We know that the Diophantine equation: $ax + by = c$, has infinitely many integer solutions if $\gcd(a,b)|c$. Now, I am asking about the case where this equation has infinitely many positive integers solutions.
My solution:
Assuming $a>0$ and $b>0$
If $(x, y)$ is a solution, then the other solutions have the form $(x + kv, y − ku)$, where $k$ is an arbitrary integer, and $u$ and $v$ are the quotients of $a$ and $b$ (respectively) by the greatest common divisor of $a$ and $b$.
Now, $$x+kv≥0$$ and $$y-ku≥0$$ if $$-x/v≤k≤y/u$$
However, this is not able to give infinitely many integers $k$.
Claim
$ax + by = c$ has infinite number of positive solution if and only if $a$ and $b$ are of opposite signs and $\gcd(a,b)|c$
Proof
WLOG let $a>0$ and $b<0$. There exists a solution because $\gcd(a,b)|c$.
If $(x',y')$ is a solution then $(x'-b,y'+a)$ is a solution so we get a increasing ordered pair of $(x,y)$ that satisfies the equation.

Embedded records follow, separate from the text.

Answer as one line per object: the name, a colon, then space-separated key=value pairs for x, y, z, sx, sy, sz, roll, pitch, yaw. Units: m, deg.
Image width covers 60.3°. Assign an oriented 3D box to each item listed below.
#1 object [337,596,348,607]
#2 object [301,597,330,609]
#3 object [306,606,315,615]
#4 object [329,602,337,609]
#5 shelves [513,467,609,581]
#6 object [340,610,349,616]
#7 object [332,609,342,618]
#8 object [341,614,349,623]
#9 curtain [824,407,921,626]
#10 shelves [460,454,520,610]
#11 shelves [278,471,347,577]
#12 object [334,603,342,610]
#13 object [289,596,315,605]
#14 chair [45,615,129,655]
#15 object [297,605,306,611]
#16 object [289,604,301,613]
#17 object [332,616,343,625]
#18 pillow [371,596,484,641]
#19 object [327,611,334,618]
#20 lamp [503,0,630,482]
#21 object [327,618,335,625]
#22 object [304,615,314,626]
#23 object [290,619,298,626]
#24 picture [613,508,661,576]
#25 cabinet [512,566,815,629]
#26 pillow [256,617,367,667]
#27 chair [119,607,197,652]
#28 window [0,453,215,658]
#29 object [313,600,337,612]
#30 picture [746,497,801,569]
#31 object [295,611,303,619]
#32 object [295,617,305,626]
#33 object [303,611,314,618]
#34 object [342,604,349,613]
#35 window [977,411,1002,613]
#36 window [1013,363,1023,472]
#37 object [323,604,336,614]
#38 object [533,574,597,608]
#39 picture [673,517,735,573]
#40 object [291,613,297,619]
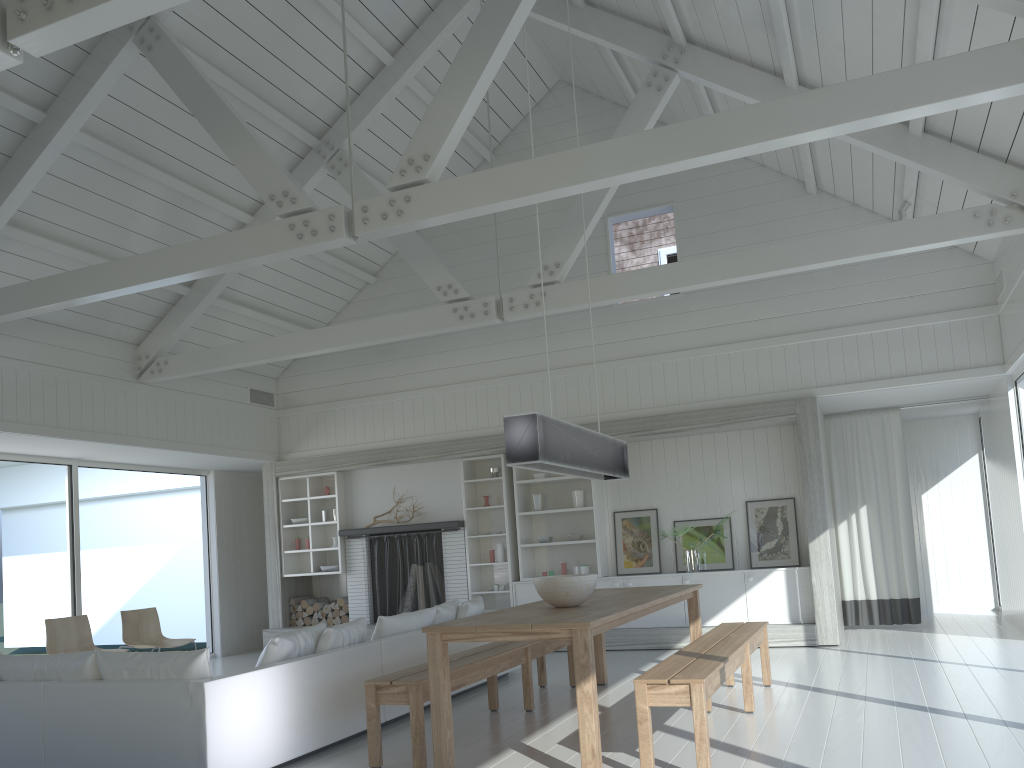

Hence there are infinite number of positive solutions for this case.
It is not possible if $a$ and $b$ are of same sign. Suppose there are infinitely many solution when $a$ and $b$ are of same sign then there exists a solution $(x',y')$ with $\mid x'\mid>c$ and $\mid y'\mid>c$ , but this implies $\mid ax'+by'\mid>c$ thus leading to a contradiction.
For example $(a,b,c)=(rt,-rt,2rt)$ where $r$ is a constant and $t$ is a integer variable will give you different values for $a,b,c$ such that the equation has infinitely many solutions.